Призрак комичен и страшен одновременно. При виде старомодной фотографии раздается не только смех. Она изображает полностью прошедшее, но и эти развалины были когда-то настоящим. Бабушка была когда-то живым человеком, а тогда к признакам человека относились шиньоны и корсет, точно так же, как и высокий ренессансный стул с гнутыми ножками – балласт, который не тянул ко дну, но который без дополнительных раздумий брали на борт. И вот фотография блуждает, словно призрак обитательницы замка, по современности. Зловещие призраки появляются только в тех местах, где было совершено злодеяние.

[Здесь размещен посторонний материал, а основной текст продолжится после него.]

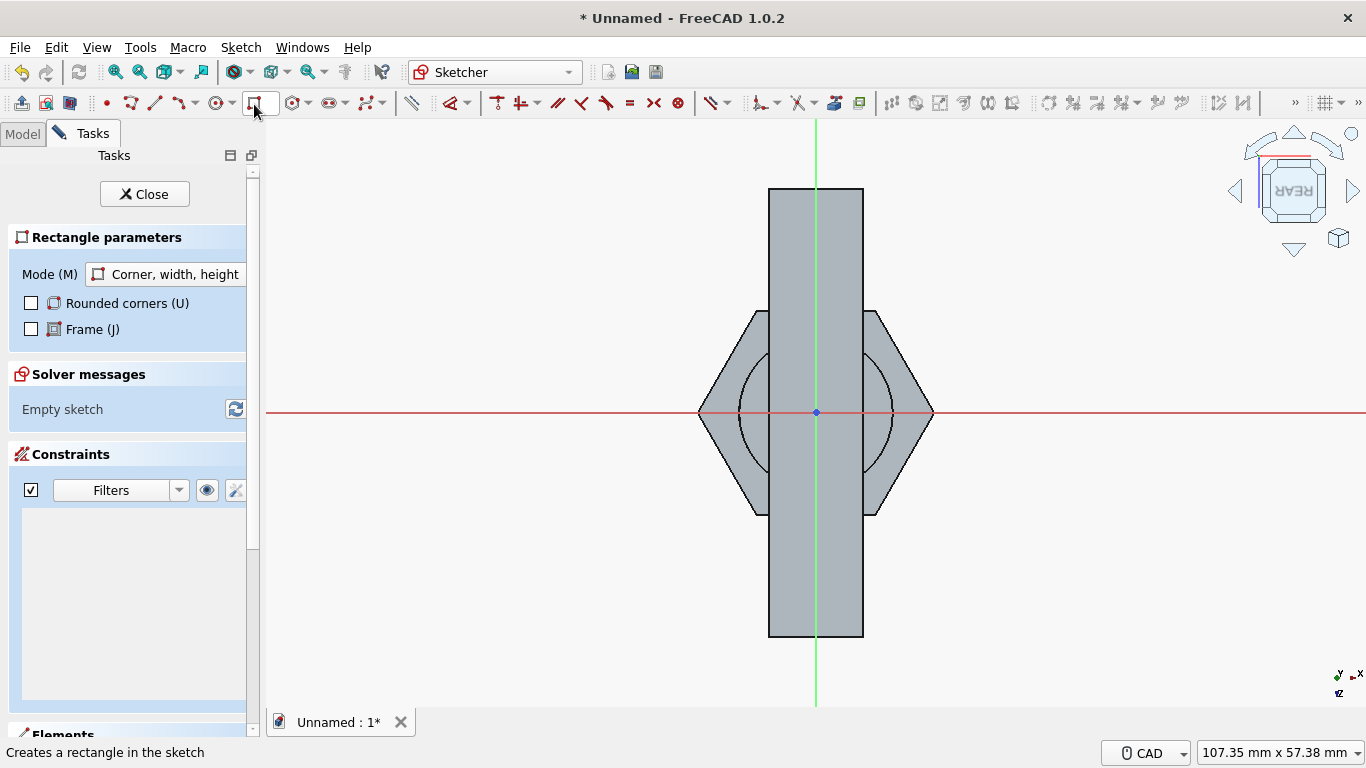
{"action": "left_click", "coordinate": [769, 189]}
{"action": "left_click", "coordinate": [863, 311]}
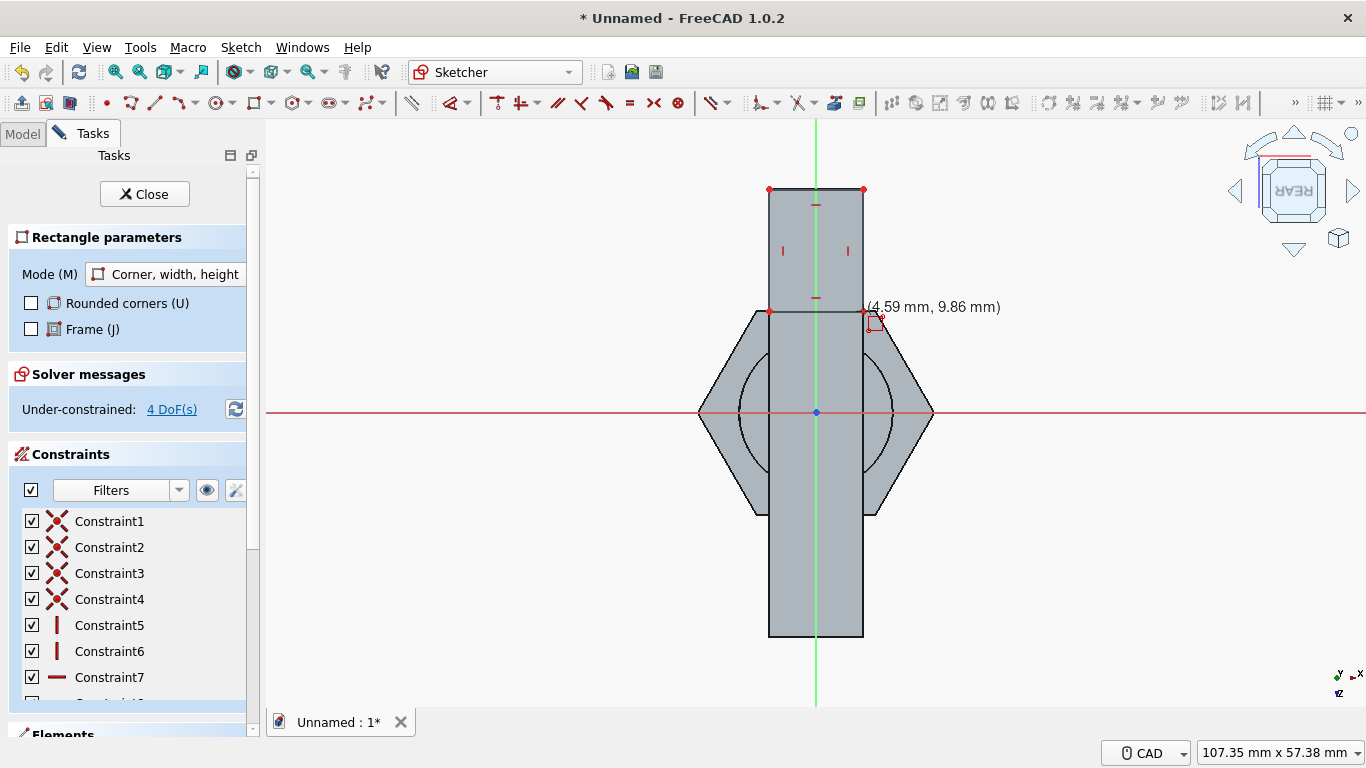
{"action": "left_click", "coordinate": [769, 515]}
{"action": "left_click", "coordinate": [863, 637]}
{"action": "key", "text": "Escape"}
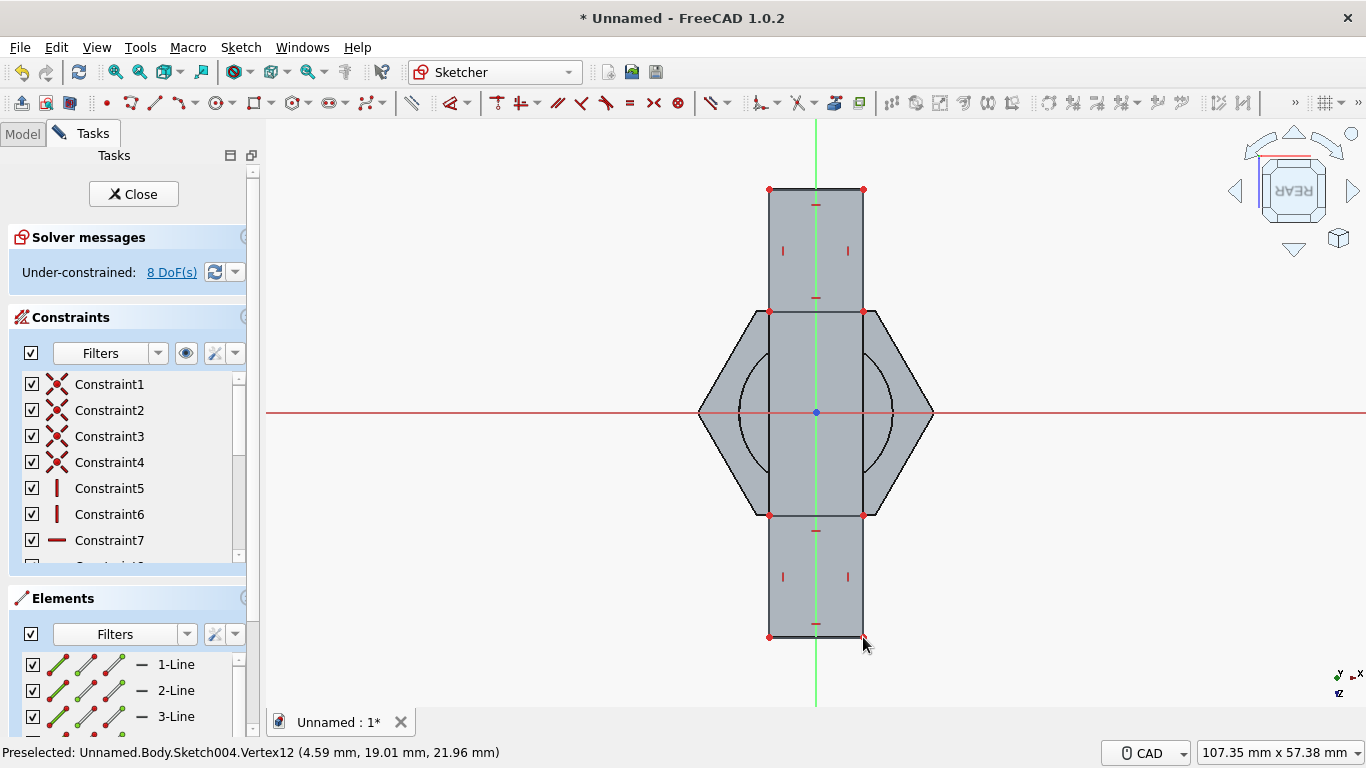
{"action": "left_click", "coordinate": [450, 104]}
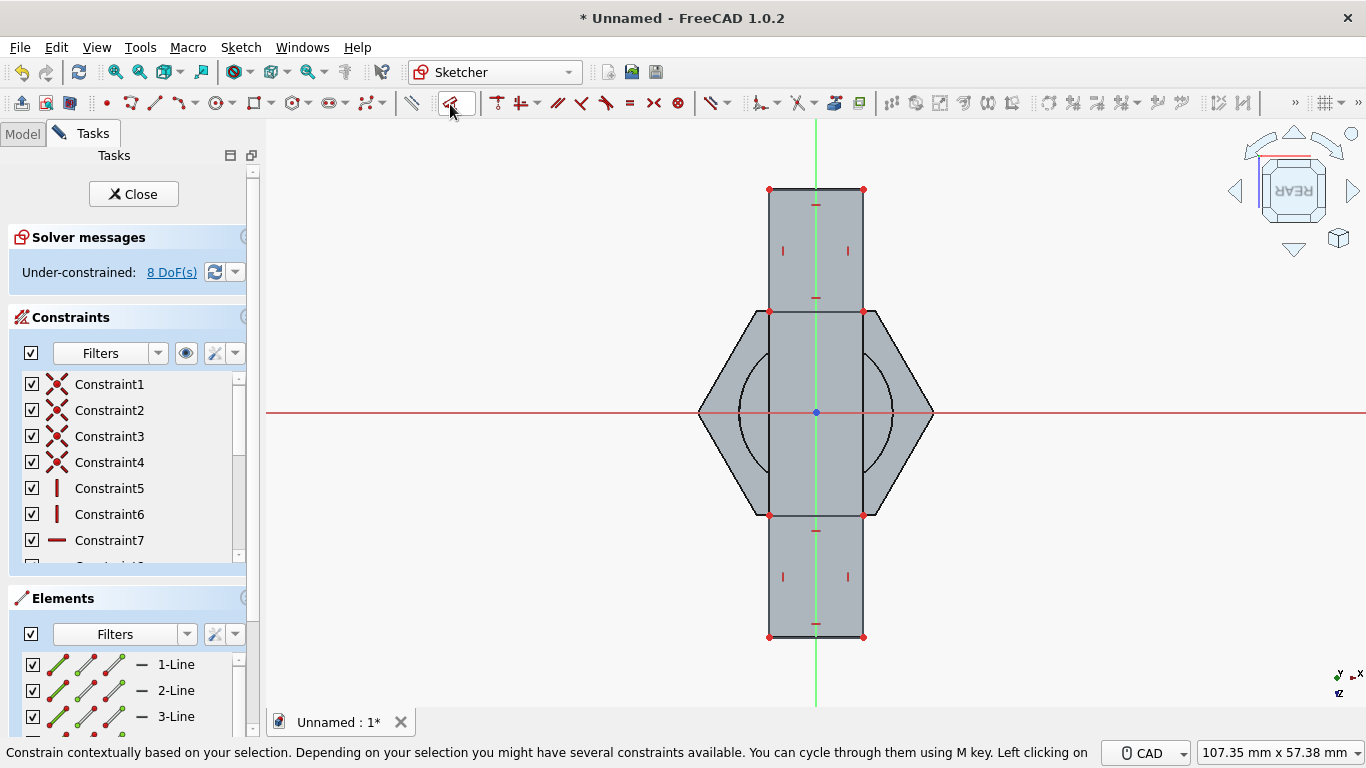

Э. Орлик. Марлен Дитрих. 1923–1924 гг.


Фотография сама становится призраком, потому что этот ряженый манекен когда-то жил. Подобный образ доказывает, что чуждые атрибуты вошли в жизнь как сами собой разумеющиеся аксессуары. Данные атрибуты, чья недостаточная прозрачность становится очевидной на старых фотографиях, раньше неотделимо смешивались с прозрачными чертами. Это чудовищное соединение, сохраняющееся в фотографии, вызывает содрогание. Еще более сильное содрогание вызывают показанные в парижском авангардном кинотеатре Studio des Ursulines сцены из довоенного времени, которые демонстрируют, как сохранившиеся в памяти черты проникают в давно исчезнувшую реальность. Подобно фотографическому образу, исполнение старых шлягеров или чтение написанных много лет назад писем точно так же вызывает в воображении некогда утраченное единство. Эта призрачная реальность неизбывна. Она состоит из частей в пространстве, связь которых столь необязательна, что эти части можно помыслить в ином порядке. Они приросли к нам когда-то как кожа – наша собственность и сегодня так же прирастает к нам. Но поскольку ничто из перечисленного не вмещает в себя нас, фотография собирает фрагменты вокруг ничто. Когда бабушка стояла перед объективом, она на одну секунду оказалась в пространственном континууме, который предстал перед камерой. Но увековечен вместо бабушки оказался именно этот континуум. Рассматривающего старые фотографии пробирает озноб. Потому что они дают не знания об оригинале, но пространственную конфигурацию мгновения; из фотографии выступает не человек, но сумма того, что может быть из него вычтено. Она уничтожает личность, изображая ее, и, если бы личность совпала со своим изображением, она перестала бы существовать. Недавно вышел журнал с заголовком «Лица прекрасных людей. Такими они были раньше – и таковы они сегодня!» Снимки известных людей в юности и зрелом возрасте, напечатанные вместе. Маркс-юноша и Маркс-предводитель партии Центра, Гинденбурглейтенант и наш Гинденбург. Фотографии расположены рядом, как статистические отчеты, и по ранней нельзя представить позднюю, как по поздней невозможно реконструировать раннюю. То, что оптические инвентарные описи соответствуют друг другу, придется принять на веру. Черты людей сохраняются только в их «истории».

6

Дневные издания все больше и больше сопровождают тексты иллюстрациями, да и чем был бы журнал без иллюстративного материала? Самое поразительное доказательство чрезвычайной действенности фотографии в сегодняшнем мире дает прежде всего рост числа иллюстрированных газет. В них собираются все изображения кинодивы, которые только доступны камере и публике. Младенцы интересуют матерей, молодые люди очарованы ножками прекрасных девушек. Прекрасные девушки с увлечением рассматривают звезд спорта и сцены, стоящих у трапа океанского лайнера, отплывающего в далекие края. В далеких краях разгораются конфликты интересов. Но интерес направлен не на них, а на города, природные катастрофы, звезд и политиков. В Женеве заседает конгресс Лиги наций[17]. Он служит для того, чтобы показать господ Штреземанна[18] и Бриана[19], беседующих перед входом в отель. Также необходимо распространить новые моды, иначе прекрасные девушки летом не догадаются, что они – красотки[20]. Красотки из мира моды посещают светские мероприятия в сопровождении молодых людей; в далеких краях происходят землетрясения; господин Штреземанн сидит на террасе в окружении пальм, а для наших молодых мам у нас есть малыши.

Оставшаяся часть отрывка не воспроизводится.